Convolution of two exponential functions where x > 0

convolutionexponential distributionprobabilityprobability distributionsrandom variables

Assuming $X$ and $Y$ are i.i.d. random variables let $Z = X + Y$
$$
f_X(x) =
\begin{cases}
\lambda e^{- \lambda x} & x \gt 0 \\
0 & \text{else}
\end{cases}
$$

$$
f_Y(y) =
\begin{cases}
\mu e^{- \mu x} & x \gt 0 \\
0 & \text{else}
\end{cases}
$$

Find the density $f_z$ of $Z$.

I have attempted to use convolution with indicator functions, but am yet to get the right answer.

$$
f_X(x) * f_Y(y) = \int_{-\infty}^{\infty} f_X(x)f_Y(z-x) dx \\
= \int_{0}^{\infty} \lambda e^{- \lambda x} 1_{[x \gt 0]} \mu e^{- \mu (z-x)} 1_{[z-x \gt 0]} dx \\
$$

since $z-x \gt 0$ can be written as $z \gt x$ I believe the product of the two indicator functions should be $\text{max}\{0, z\}$, but this is where I become uncertain as I think that would make the integral:

$$
= \lambda \mu e^{-\mu z} \int_{\text{max}\{0,z\}}^{\infty} e^{- \lambda x} e^{\mu x} dx \\
$$

Intuitively, I feel I have messed up as the integral from z to infinity is contained in both the solutions for $z \gt 0$ and $z \lt 0$. More concretely I know I have messed up as evaluating the integral leaves me with:

$$
\begin{cases}
\mu \lambda e^{- \mu z } \left[ e^{-x(\lambda – \mu)} \right]_z^\infty & z \gt 0 \\
\mu \lambda e^{- \mu z } \left[ e^{-x(\lambda – \mu)} \right]_0^\infty & z \lt 0
\end {cases}
$$

$$
=
\begin{cases}
\frac{\mu \lambda}{\lambda – \mu} e^{- \lambda z } & z \gt 0 \\
\frac{\mu \lambda}{\lambda – \mu} e^{- \mu z } & z \lt 0
\end {cases}
$$

which does not agree with the solution listed in the book I am studying with:

$$
f_Z(x) =
\begin{cases}
\frac{\mu \lambda}{\mu + \lambda} e^{\lambda x} & x \lt 0 \\
\frac{\mu \lambda}{\mu + \lambda} e^{- \mu x} & x \ge 0
\end{cases}
$$

This solution really confuses me, as I do not understand how the convolution of two functions that are strictly equal to 0 when $x \lt 0$ could be a function that has non zero values for $x \lt 0$.
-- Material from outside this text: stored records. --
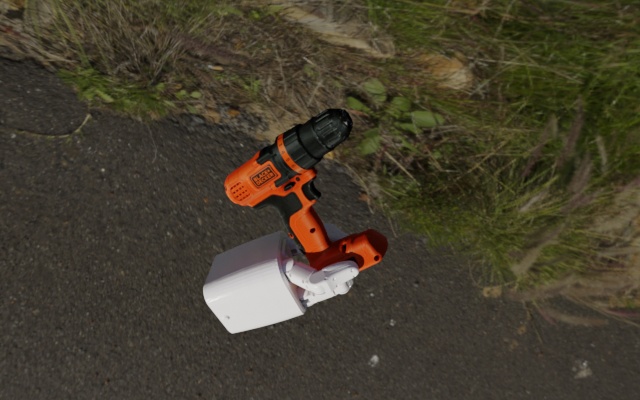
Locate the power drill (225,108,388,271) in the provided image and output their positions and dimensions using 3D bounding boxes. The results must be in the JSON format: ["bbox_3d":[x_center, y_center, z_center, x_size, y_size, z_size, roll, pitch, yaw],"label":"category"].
[{"bbox_3d":[0.000,0.002,0.575,0.184,0.188,0.057,-29,14,30],"label":"power drill"}]
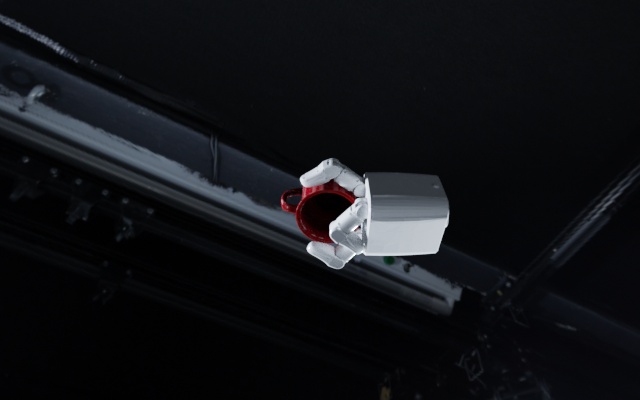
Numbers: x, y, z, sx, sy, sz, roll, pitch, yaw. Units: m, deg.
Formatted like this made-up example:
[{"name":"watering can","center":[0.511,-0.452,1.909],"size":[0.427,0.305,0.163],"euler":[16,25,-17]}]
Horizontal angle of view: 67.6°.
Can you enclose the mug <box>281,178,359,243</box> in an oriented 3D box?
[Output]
[{"name":"mug","center":[-0.001,0.002,0.712],"size":[0.117,0.093,0.081],"euler":[2,33,0]}]
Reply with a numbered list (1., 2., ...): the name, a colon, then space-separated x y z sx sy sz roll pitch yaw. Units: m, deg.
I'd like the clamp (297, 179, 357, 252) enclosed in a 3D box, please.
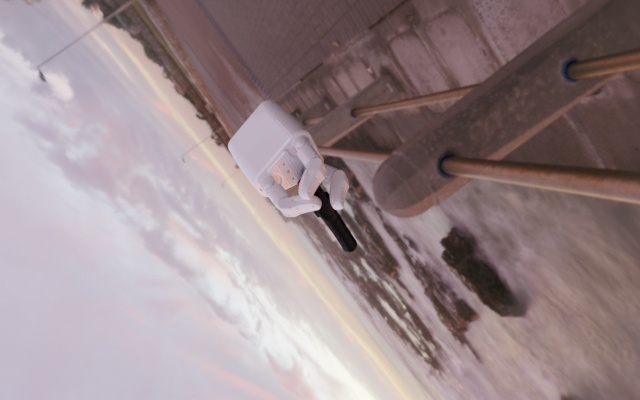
1. clamp: 0.000 0.003 0.741 0.120 0.039 0.172 48 -7 39
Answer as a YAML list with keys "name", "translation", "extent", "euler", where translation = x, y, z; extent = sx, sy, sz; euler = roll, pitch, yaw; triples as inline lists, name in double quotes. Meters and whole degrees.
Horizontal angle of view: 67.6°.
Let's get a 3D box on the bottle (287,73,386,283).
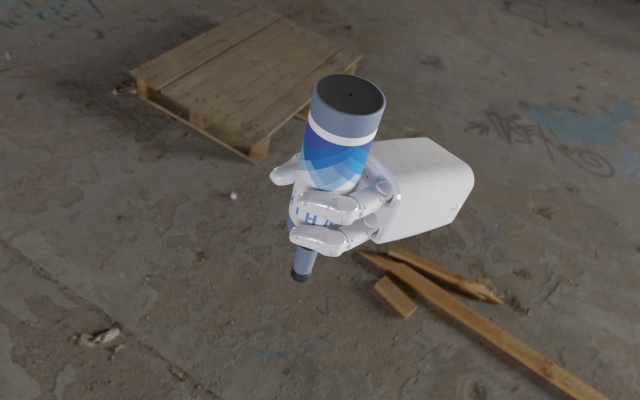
- name: "bottle"
  translation: [0.000, 0.002, 0.538]
  extent: [0.069, 0.069, 0.296]
  euler: [0, -42, -14]

Does anyone have any suggestions on how to fix the integral or intuition on why this convolution works the way it does?

Best Answer

Obviously, the pdf of $Z$ is zero for $Z<0$. Also, since $Z=X+Y$, for any given value of $Z=z$, $X\le z$. Thus, the upper limit of the integral is $z$, not $\infty$. So the pdf of $Z$ for $Z\geq 0$ is

$f_Z(z)=fX(x)∗fY(y)=\int_0^\infty f_X(x)f_Y(z−x)dx=\int_0^z λe^{−λx}μe^{−μ(z−x)}dx$,

that is,

$f_Z(z)=λμe^{-μz}\int_0^z e^{-(λ-μ)x} dx$.

The rest derivation is straightforward. Simply remember to deal with two cases separately, that is, Case I: if $λ = μ$, and Case II: if $λ \neq μ$.